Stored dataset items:
____

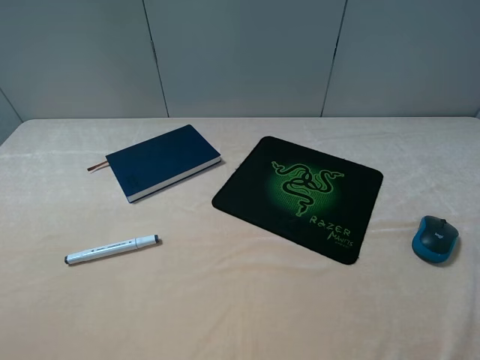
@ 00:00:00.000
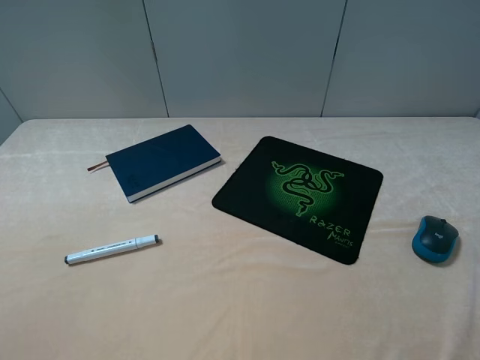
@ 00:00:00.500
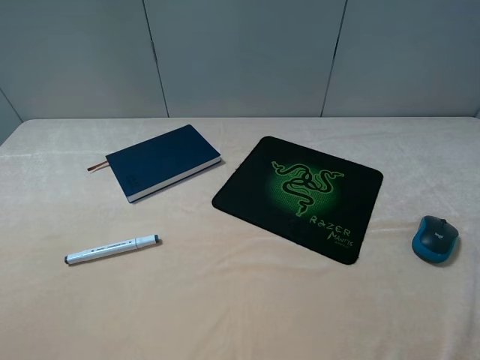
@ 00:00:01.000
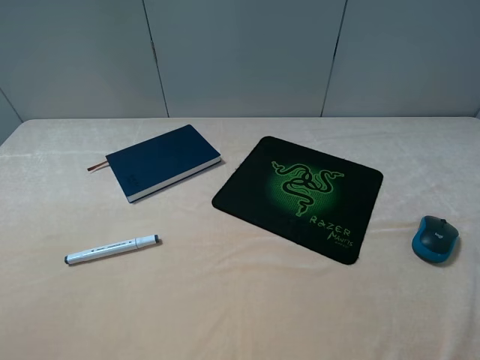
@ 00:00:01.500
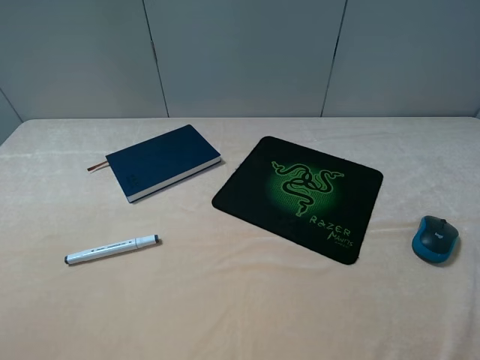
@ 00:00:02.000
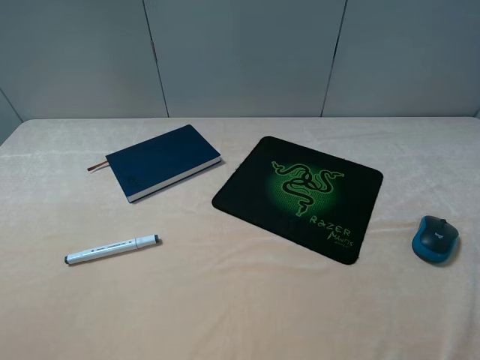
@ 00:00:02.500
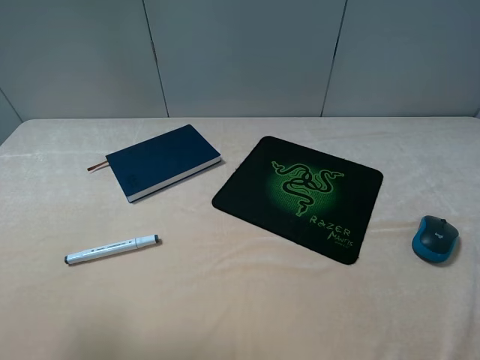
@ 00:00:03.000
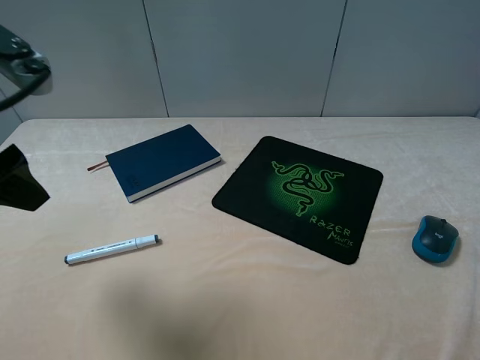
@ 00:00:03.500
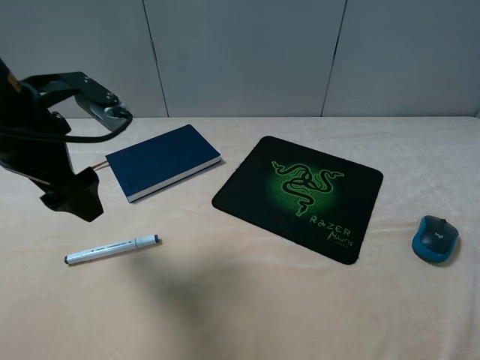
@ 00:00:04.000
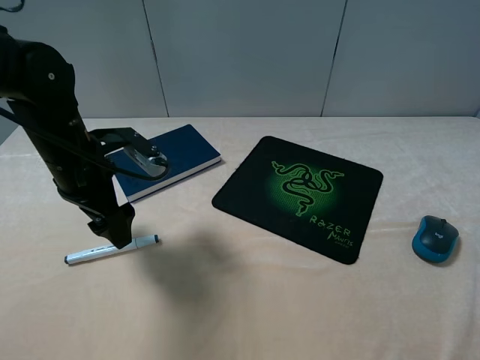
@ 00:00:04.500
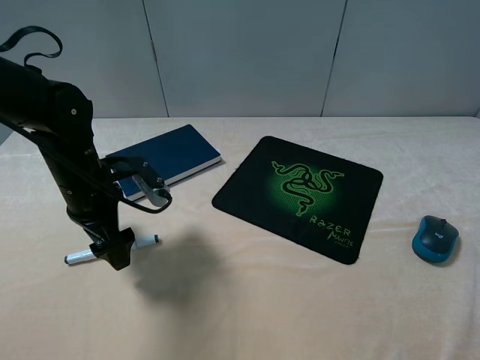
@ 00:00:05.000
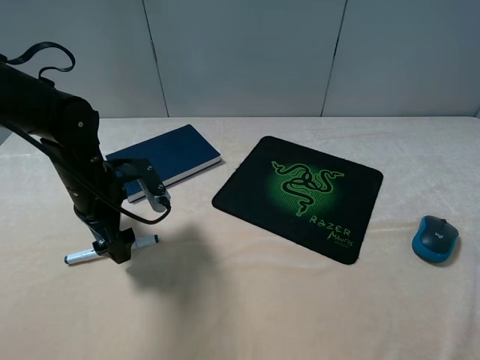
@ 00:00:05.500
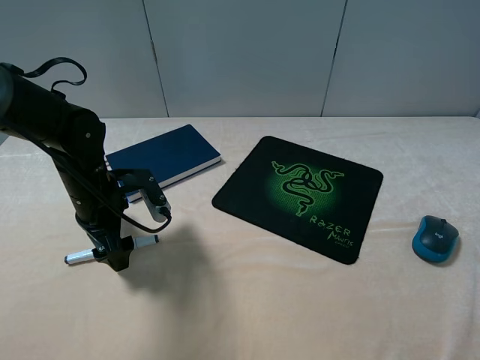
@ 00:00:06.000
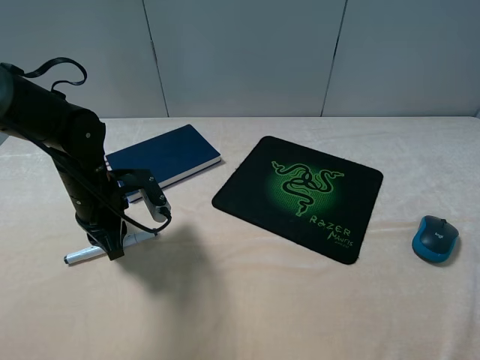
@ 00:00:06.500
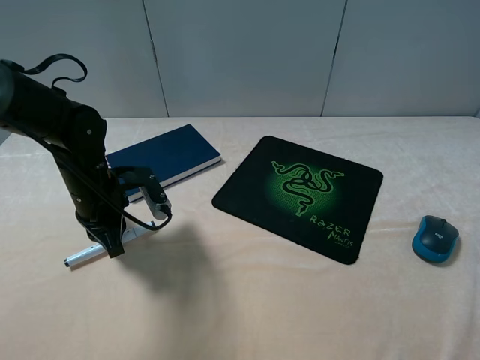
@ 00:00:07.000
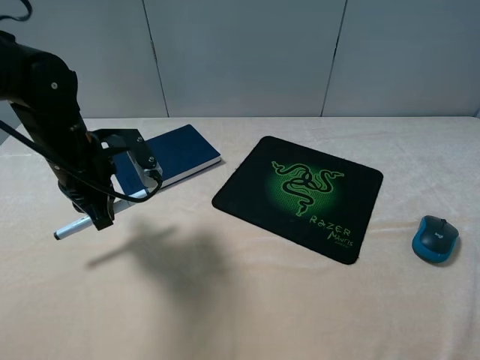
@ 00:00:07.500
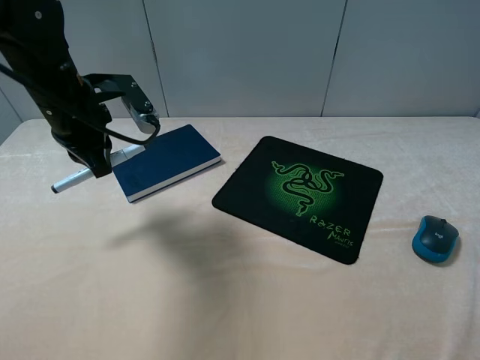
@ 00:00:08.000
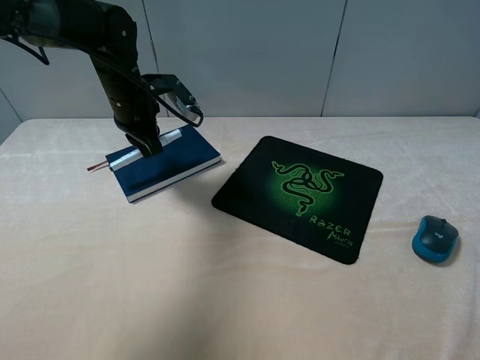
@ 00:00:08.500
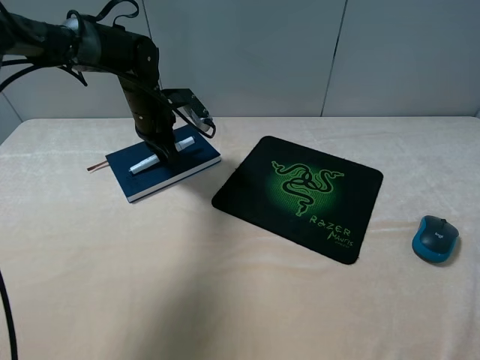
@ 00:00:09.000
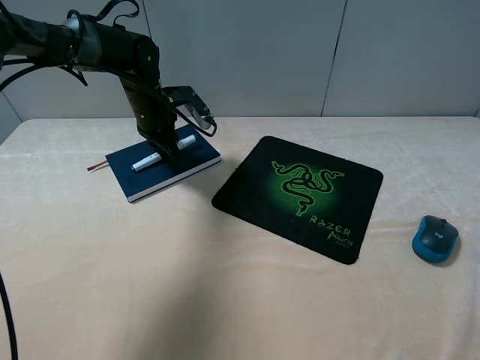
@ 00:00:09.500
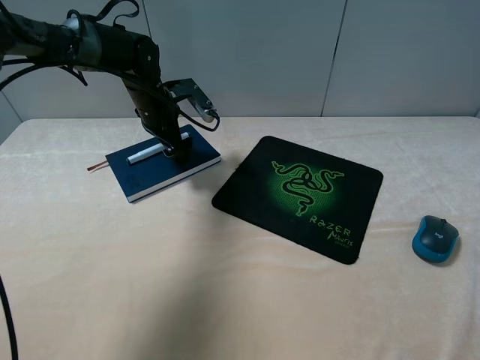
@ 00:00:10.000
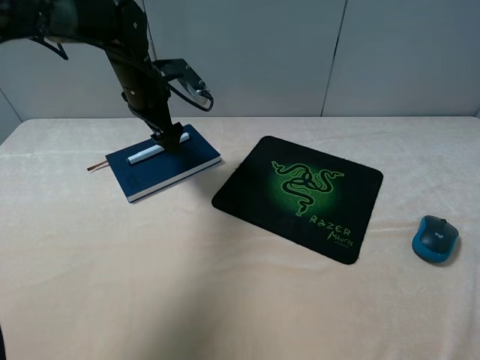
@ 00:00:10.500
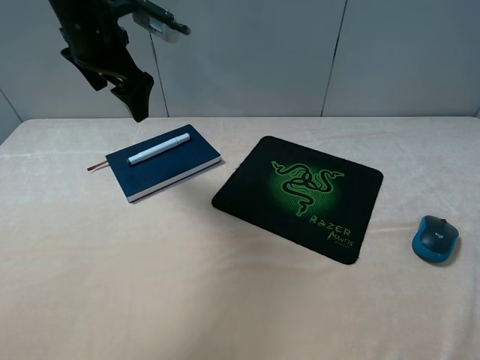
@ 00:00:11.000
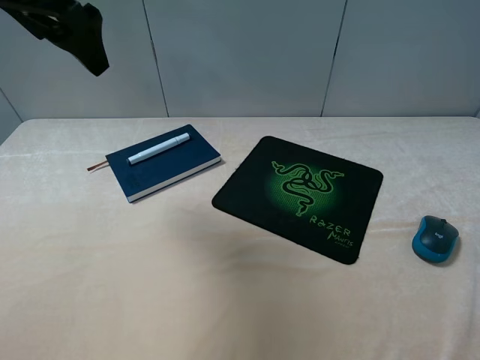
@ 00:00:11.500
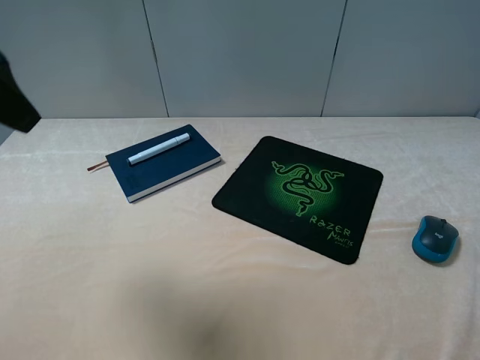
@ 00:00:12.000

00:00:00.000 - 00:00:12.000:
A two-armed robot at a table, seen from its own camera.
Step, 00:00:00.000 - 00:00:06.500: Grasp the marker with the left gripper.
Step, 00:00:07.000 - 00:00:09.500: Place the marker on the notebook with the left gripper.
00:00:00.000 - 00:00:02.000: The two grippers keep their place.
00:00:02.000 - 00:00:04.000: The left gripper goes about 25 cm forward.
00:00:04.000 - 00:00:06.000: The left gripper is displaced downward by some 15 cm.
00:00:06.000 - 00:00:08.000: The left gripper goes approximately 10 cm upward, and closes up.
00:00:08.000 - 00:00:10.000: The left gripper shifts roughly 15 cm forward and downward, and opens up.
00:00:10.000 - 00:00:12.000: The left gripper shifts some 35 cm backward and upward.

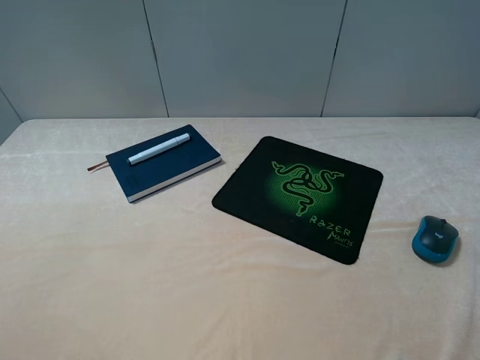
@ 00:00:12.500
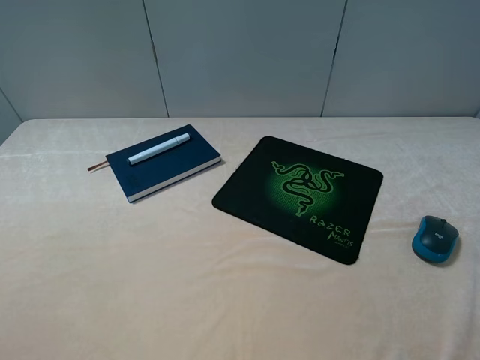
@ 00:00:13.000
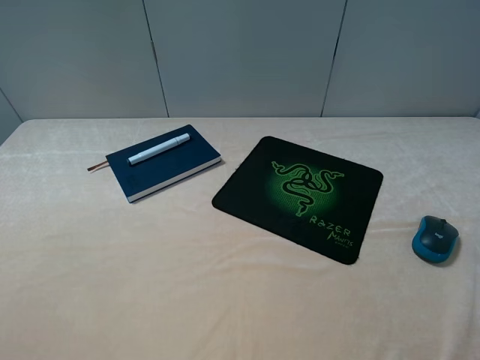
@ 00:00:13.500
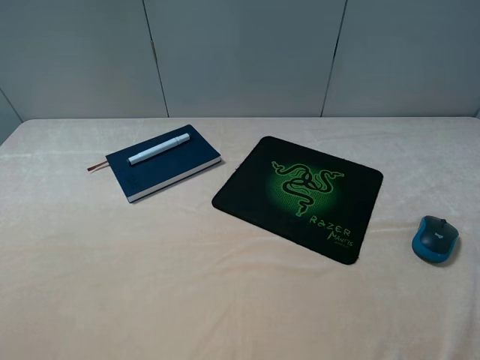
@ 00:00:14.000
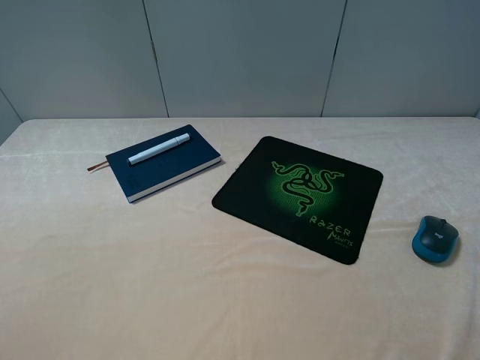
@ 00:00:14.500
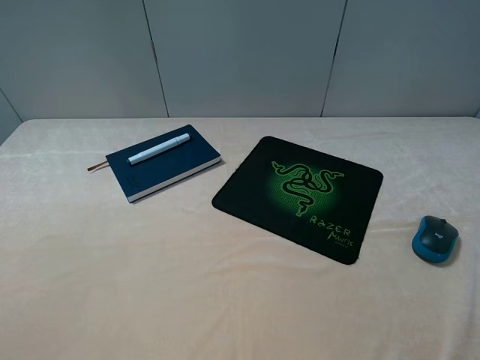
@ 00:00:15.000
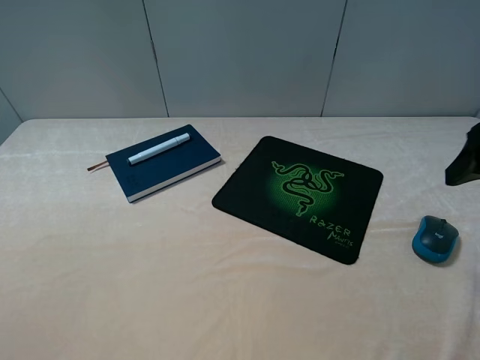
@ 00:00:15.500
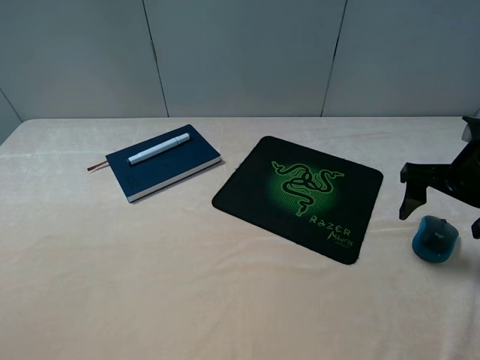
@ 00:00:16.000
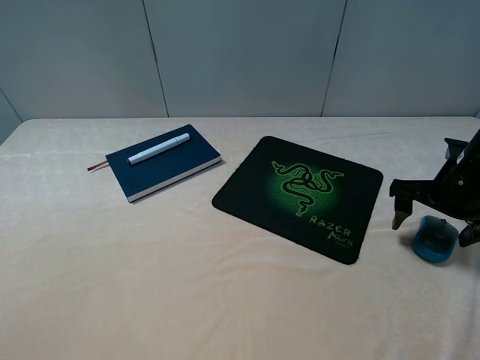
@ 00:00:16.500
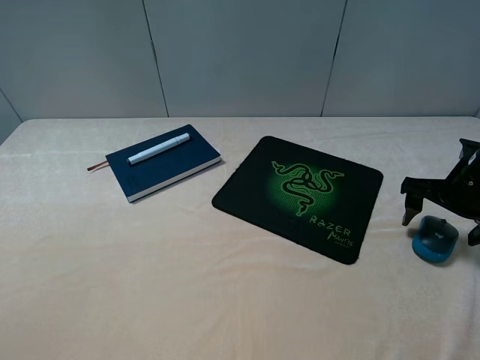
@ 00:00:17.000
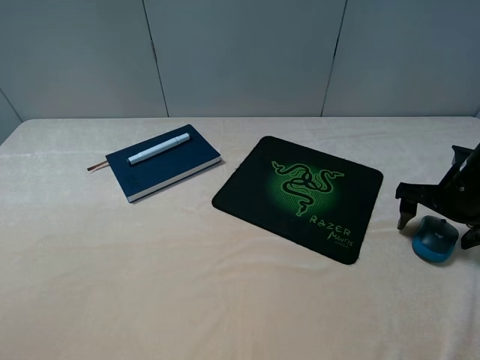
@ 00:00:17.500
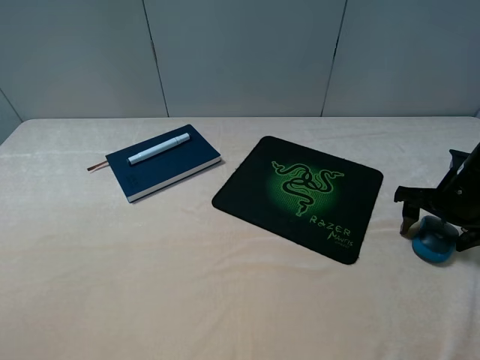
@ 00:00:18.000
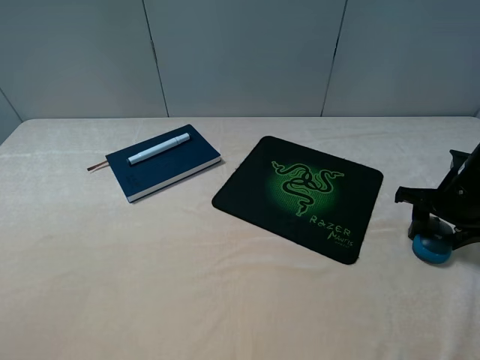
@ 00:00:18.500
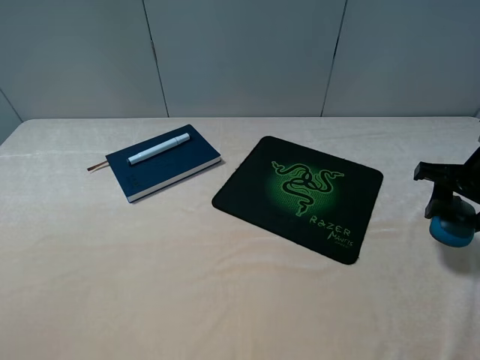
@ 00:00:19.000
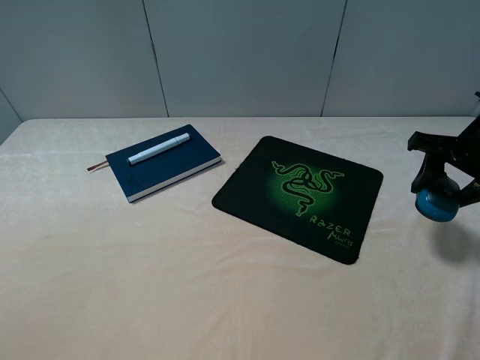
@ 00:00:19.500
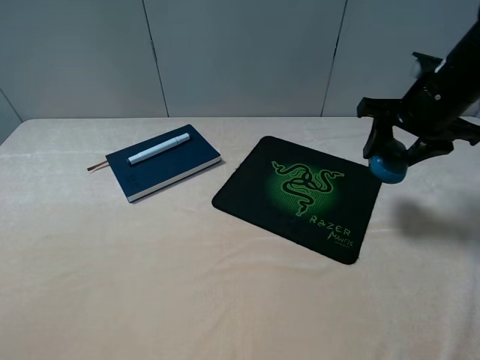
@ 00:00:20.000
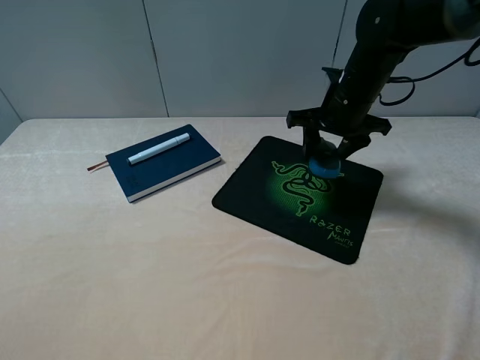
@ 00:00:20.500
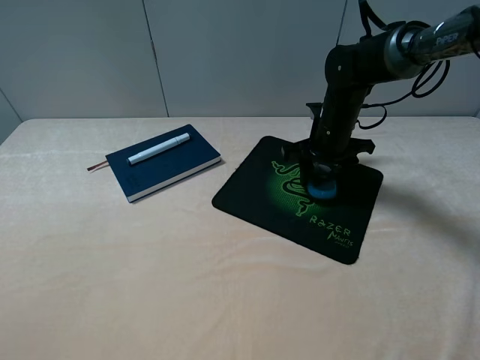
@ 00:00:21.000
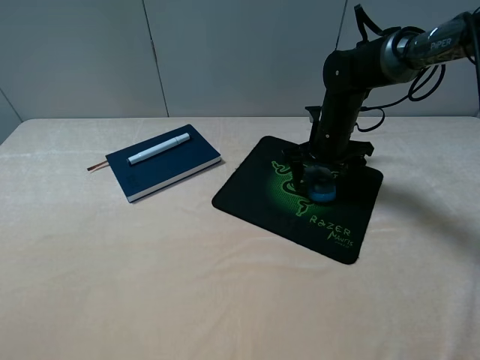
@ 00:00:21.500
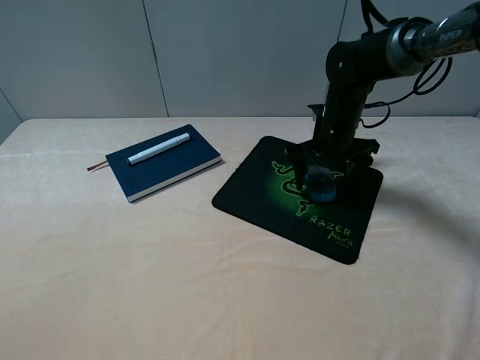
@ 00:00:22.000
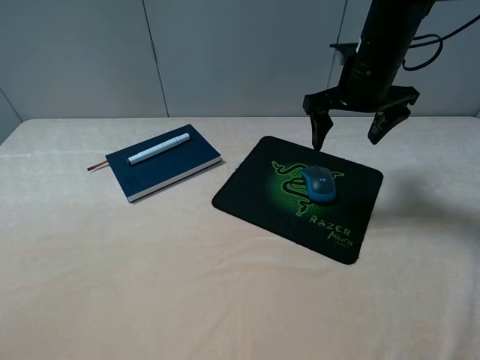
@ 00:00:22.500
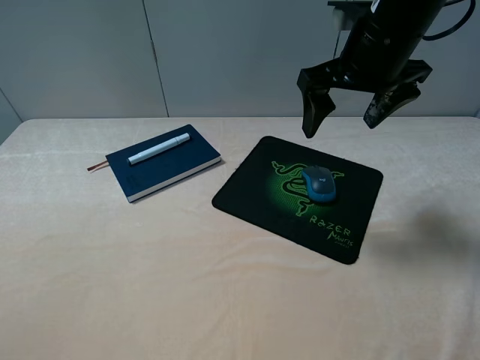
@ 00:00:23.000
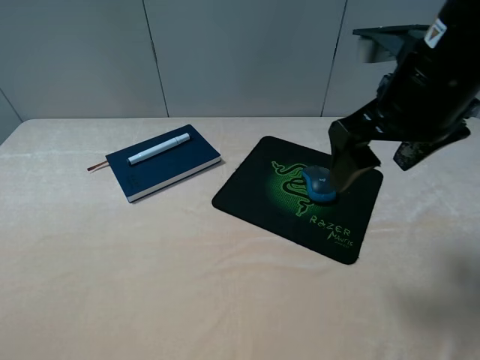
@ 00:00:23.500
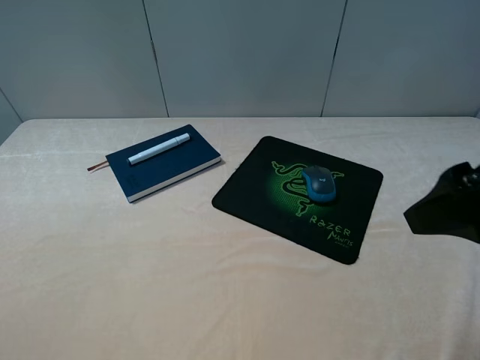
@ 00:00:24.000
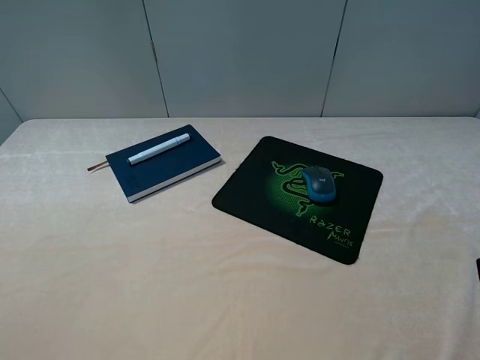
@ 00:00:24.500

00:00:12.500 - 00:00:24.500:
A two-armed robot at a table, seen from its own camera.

____

What the task requires: Your answer should be every entry repeated exactly, minus the pictures.

Response box:
@ 00:00:00.000
@ 00:00:00.500
@ 00:00:01.000
@ 00:00:01.500
@ 00:00:02.000
@ 00:00:02.500
@ 00:00:03.000
@ 00:00:03.500
@ 00:00:04.000
@ 00:00:04.500
@ 00:00:05.000
@ 00:00:05.500
@ 00:00:06.000
@ 00:00:06.500
@ 00:00:07.000
@ 00:00:07.500
@ 00:00:08.000
@ 00:00:08.500
@ 00:00:09.000
@ 00:00:09.500
@ 00:00:10.000
@ 00:00:10.500
@ 00:00:11.000
@ 00:00:11.500
@ 00:00:12.000

00:00:00.000 - 00:00:12.000:
A two-armed robot at a table, seen from its own camera.
Step, 00:00:00.000 - 00:00:06.500: Grasp the marker with the left gripper.
Step, 00:00:07.000 - 00:00:09.500: Place the marker on the notebook with the left gripper.
00:00:00.000 - 00:00:02.000: The two grippers keep their place.
00:00:02.000 - 00:00:04.000: The left gripper goes about 25 cm forward.
00:00:04.000 - 00:00:06.000: The left gripper is displaced downward by some 15 cm.
00:00:06.000 - 00:00:08.000: The left gripper goes approximately 10 cm upward, and closes up.
00:00:08.000 - 00:00:10.000: The left gripper shifts roughly 15 cm forward and downward, and opens up.
00:00:10.000 - 00:00:12.000: The left gripper shifts some 35 cm backward and upward.

@ 00:00:12.500
@ 00:00:13.000
@ 00:00:13.500
@ 00:00:14.000
@ 00:00:14.500
@ 00:00:15.000
@ 00:00:15.500
@ 00:00:16.000
@ 00:00:16.500
@ 00:00:17.000
@ 00:00:17.500
@ 00:00:18.000
@ 00:00:18.500
@ 00:00:19.000
@ 00:00:19.500
@ 00:00:20.000
@ 00:00:20.500
@ 00:00:21.000
@ 00:00:21.500
@ 00:00:22.000
@ 00:00:22.500
@ 00:00:23.000
@ 00:00:23.500
@ 00:00:24.000
@ 00:00:24.500

00:00:12.500 - 00:00:24.500:
A two-armed robot at a table, seen from its own camera.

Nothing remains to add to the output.